Bundan yirmi yıl kadar evvel yine bir sempozyum vesilesiyle Kayseri’ye gitmiştim. O zaman Seyyid Burhaneddin’in türbesini ziyaret ettiğimde biraz hüzünlenmiştim. Türbeye eğri büğrü yollardan toz toprak içinde ulaştığımı hatırlıyorum. Etrafı bakımsızdı, galiba derme çatma binalar veya bakımsız topraklar arasından geçiliyordu. O bakımdan Hazretin makamını ziyaret sırasında bir ruhaniyet bulamadığımı için hayal kırıklığı yaşamıştım.

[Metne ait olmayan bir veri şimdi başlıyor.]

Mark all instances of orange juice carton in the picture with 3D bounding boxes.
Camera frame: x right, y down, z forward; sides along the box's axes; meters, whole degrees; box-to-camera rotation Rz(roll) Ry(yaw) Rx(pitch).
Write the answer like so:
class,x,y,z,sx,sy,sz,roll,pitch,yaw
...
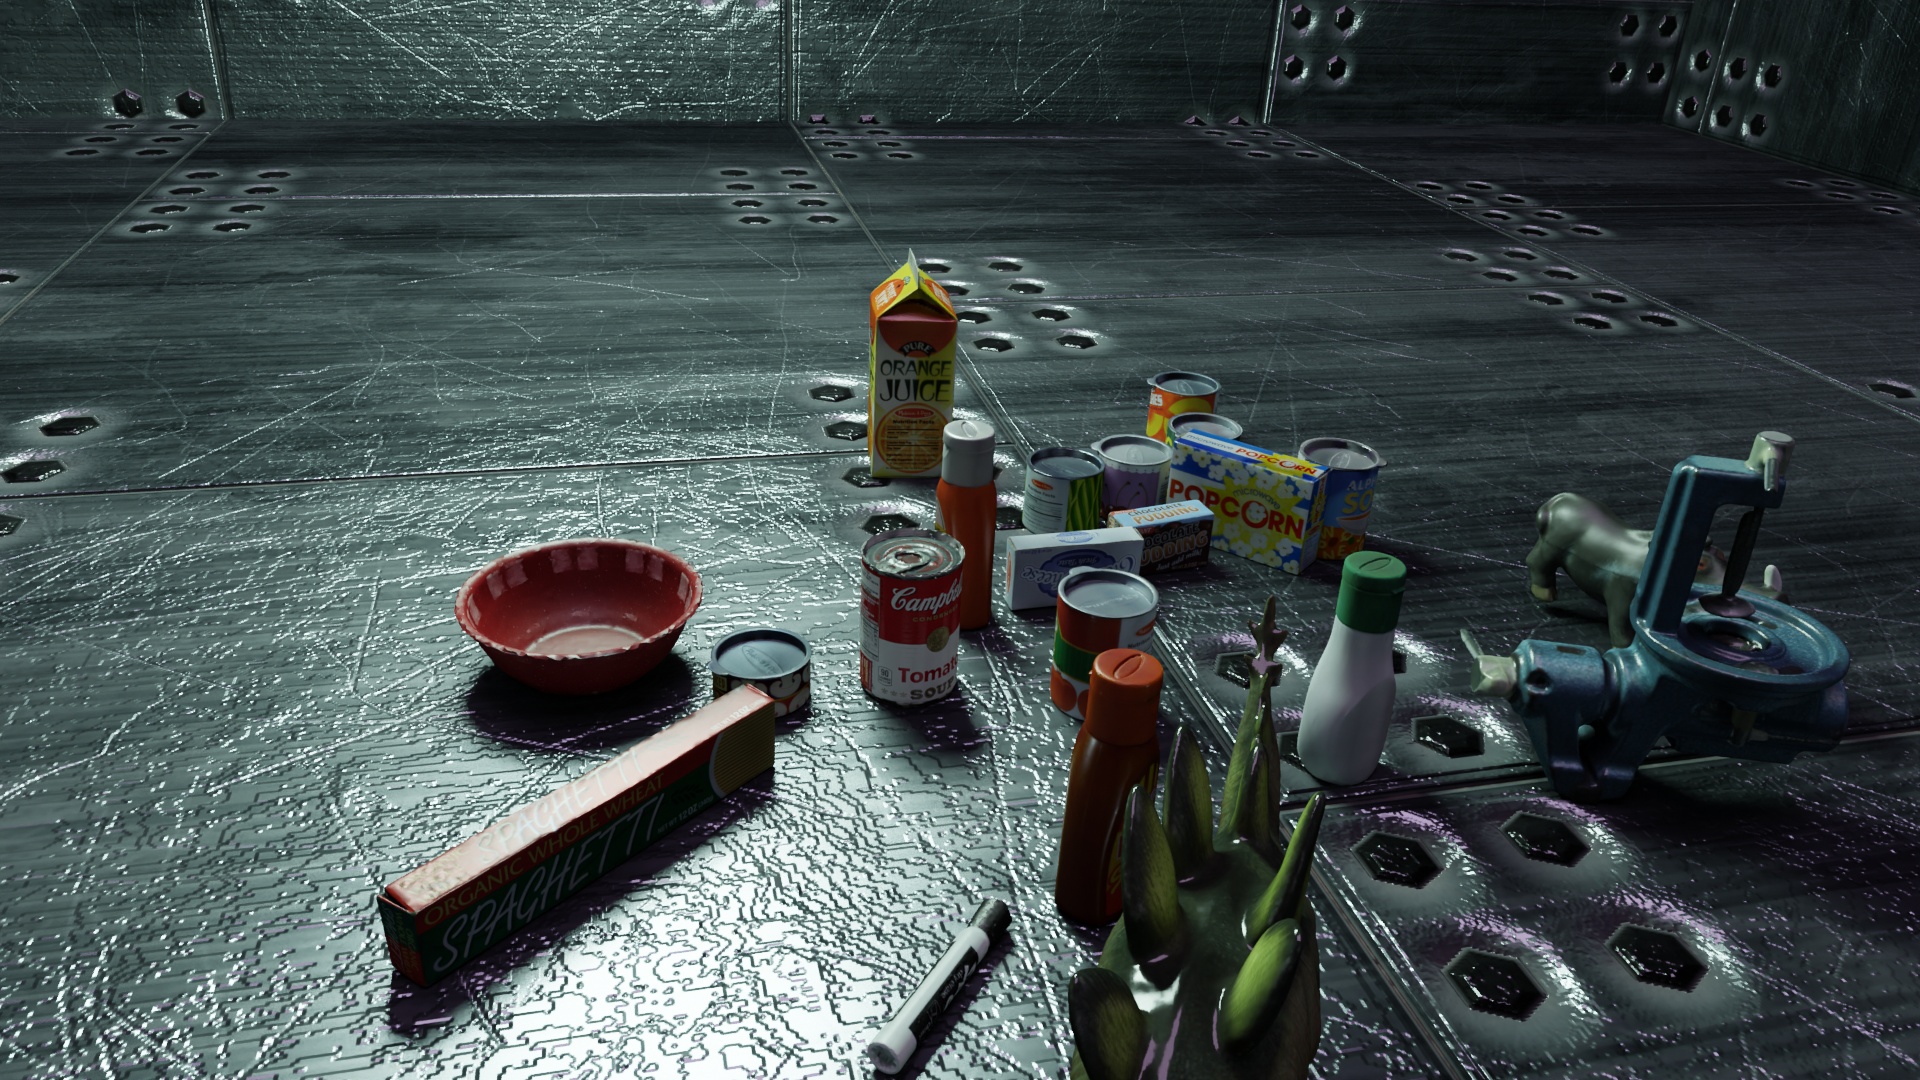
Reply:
class,x,y,z,sx,sy,sz,roll,pitch,yaw
orange juice carton,-0.044,-0.157,1.236,0.073,0.191,0.072,-1,27,-7

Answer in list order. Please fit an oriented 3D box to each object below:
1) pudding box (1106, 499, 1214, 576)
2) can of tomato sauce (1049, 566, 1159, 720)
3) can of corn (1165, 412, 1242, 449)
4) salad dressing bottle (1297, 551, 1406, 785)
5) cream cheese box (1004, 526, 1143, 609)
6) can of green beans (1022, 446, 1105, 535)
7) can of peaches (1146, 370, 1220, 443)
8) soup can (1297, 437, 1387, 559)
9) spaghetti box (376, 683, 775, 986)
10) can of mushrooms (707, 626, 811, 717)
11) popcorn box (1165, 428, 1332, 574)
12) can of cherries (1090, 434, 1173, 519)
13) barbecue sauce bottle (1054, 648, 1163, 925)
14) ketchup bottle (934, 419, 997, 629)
class,x,y,z,sx,sy,sz,roll,pitch,yaw
pudding box,0.158,-0.002,1.110,0.084,0.049,0.030,-8,29,-21
can of tomato sauce,0.094,0.069,0.928,0.071,0.082,0.071,3,27,-1
can of corn,0.215,-0.076,1.253,0.071,0.058,0.071,3,27,-1
salad dressing bottle,0.243,0.079,0.855,0.064,0.147,0.044,-16,33,-33
cream cheese box,0.085,0.021,1.054,0.104,0.053,0.024,-5,28,-16
can of green beans,0.086,-0.040,1.169,0.071,0.057,0.071,3,27,-1
can of peaches,0.214,-0.127,1.353,0.071,0.057,0.071,3,27,-1
soup can,0.311,-0.034,1.154,0.071,0.083,0.071,3,27,-1
spaghetti box,-0.199,0.154,0.766,0.029,0.050,0.251,21,32,32
can of mushrooms,-0.134,0.088,0.921,0.071,0.033,0.071,3,27,-1
popcorn box,0.233,-0.033,1.142,0.127,0.084,0.038,20,31,30
can of cherries,0.146,-0.053,1.201,0.071,0.058,0.072,3,27,-1
barbecue sauce bottle,0.081,0.129,0.738,0.044,0.147,0.065,19,31,29
ketchup bottle,0.004,-0.013,1.007,0.043,0.148,0.065,-3,27,-13

Bu defa ferah-fahur caddelerden geçerek geniş bir meydanın sonunda, tarih ve maneviyet kokan bir türbeyle karşılaştım. Çevre düzenlemesi olabileceğin en güzel biçimiyle yapılmış. İnsana huzur ve ferahlık veren rûhânî-mânevî dokuyu bütün sıcaklığıyla hissettiren bir görünüm kazandırılmış.

Bunlar ve bire yüzük taşı gibi meydana çıkarılan başka tarihî eserler dolayısıyla Başkan Mehmet Özhaseki’ye şükran borçluyuz. Üç dönemdir Büyük Şehir Belediye Başkanı olan, tarih şuuru ve maneviyat sevgisiyle dolu gördüğüm bu güzel insana yeni hizmetlerinde başarılar diliyorum.

Sempozyum programı 23 Eylül 2011’de Semazen.Net’te yayımlandı, tekrarlamamıza gerek yok. Aşağıda kendime ait tebliğin kısaltılmış şeklini veriyorum. Neşre esas dipnotlu tebliğ metni ileride yayımlanır.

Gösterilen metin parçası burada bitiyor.